**Work task**
Your answer should be an exact copy of all the entries, free of pictures.
Extracted records Block Start
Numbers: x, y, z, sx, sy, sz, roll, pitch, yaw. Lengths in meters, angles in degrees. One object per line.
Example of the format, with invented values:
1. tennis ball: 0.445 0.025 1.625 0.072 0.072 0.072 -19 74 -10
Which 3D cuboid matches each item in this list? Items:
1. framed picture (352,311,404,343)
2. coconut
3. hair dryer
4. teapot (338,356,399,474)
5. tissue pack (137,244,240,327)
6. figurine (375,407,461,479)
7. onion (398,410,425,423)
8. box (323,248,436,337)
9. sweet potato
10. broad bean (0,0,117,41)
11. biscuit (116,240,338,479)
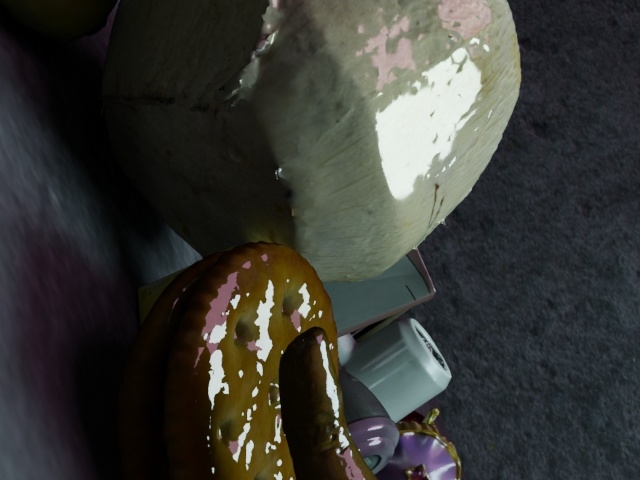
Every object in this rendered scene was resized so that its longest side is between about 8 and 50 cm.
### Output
1. framed picture: 0.073 0.124 1.285 0.010 0.201 0.136 54 7 4
2. coconut: 0.000 -0.155 0.827 0.346 0.360 0.346 31 -34 24
3. hair dryer: -0.006 0.080 1.128 0.357 0.173 0.107 53 8 -5
4. teapot: 0.017 0.200 1.024 0.146 0.116 0.148 60 7 34
5. tissue pack: -0.070 0.095 0.774 0.062 0.095 0.176 -106 170 -48
6. figurine: 0.107 0.304 1.161 0.263 0.142 0.189 52 58 -83
7. onion: 0.125 0.319 1.366 0.131 0.131 0.131 -23 90 -82
8. box: -0.013 0.006 1.016 0.086 0.215 0.215 100 -32 -80
9. sweet potato: 0.004 0.219 0.579 0.108 0.079 0.346 33 -50 42
10. broad bean: -0.225 -0.223 0.747 0.124 0.082 0.174 66 18 -11
11. biscuit: -0.054 0.109 0.636 0.220 0.066 0.220 -4 94 -63
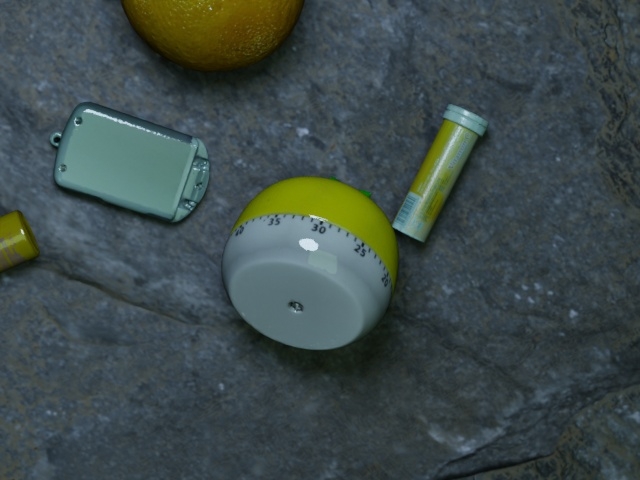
Extracted records Block End
**Response**
Numbers: x, y, z, sx, sy, sz, roll, pitch, yaw. Lengths in meters, angles in degrees. One object per line.
Example of the format, with invented values:
1. tennis ball: 0.445 0.025 1.625 0.072 0.072 0.072 -19 74 -10
Which 3D cuboid matches each item in this list? Items:
1. framed picture (352,311,404,343)
2. coconut
3. hair dryer
4. teapot (338,356,399,474)
5. tissue pack (137,244,240,327)
6. figurine (375,407,461,479)
7. onion (398,410,425,423)
8. box (323,248,436,337)
9. sweet potato
10. broad bean (0,0,117,41)
11. biscuit (116,240,338,479)
Every object in this rendered scene was resized so that its longest side is between about 8 and 50 cm.
### Output
1. framed picture: 0.073 0.124 1.285 0.010 0.201 0.136 54 7 4
2. coconut: 0.000 -0.155 0.827 0.346 0.360 0.346 31 -34 24
3. hair dryer: -0.006 0.080 1.128 0.357 0.173 0.107 53 8 -5
4. teapot: 0.017 0.200 1.024 0.146 0.116 0.148 60 7 34
5. tissue pack: -0.070 0.095 0.774 0.062 0.095 0.176 -106 170 -48
6. figurine: 0.107 0.304 1.161 0.263 0.142 0.189 52 58 -83
7. onion: 0.125 0.319 1.366 0.131 0.131 0.131 -23 90 -82
8. box: -0.013 0.006 1.016 0.086 0.215 0.215 100 -32 -80
9. sweet potato: 0.004 0.219 0.579 0.108 0.079 0.346 33 -50 42
10. broad bean: -0.225 -0.223 0.747 0.124 0.082 0.174 66 18 -11
11. biscuit: -0.054 0.109 0.636 0.220 0.066 0.220 -4 94 -63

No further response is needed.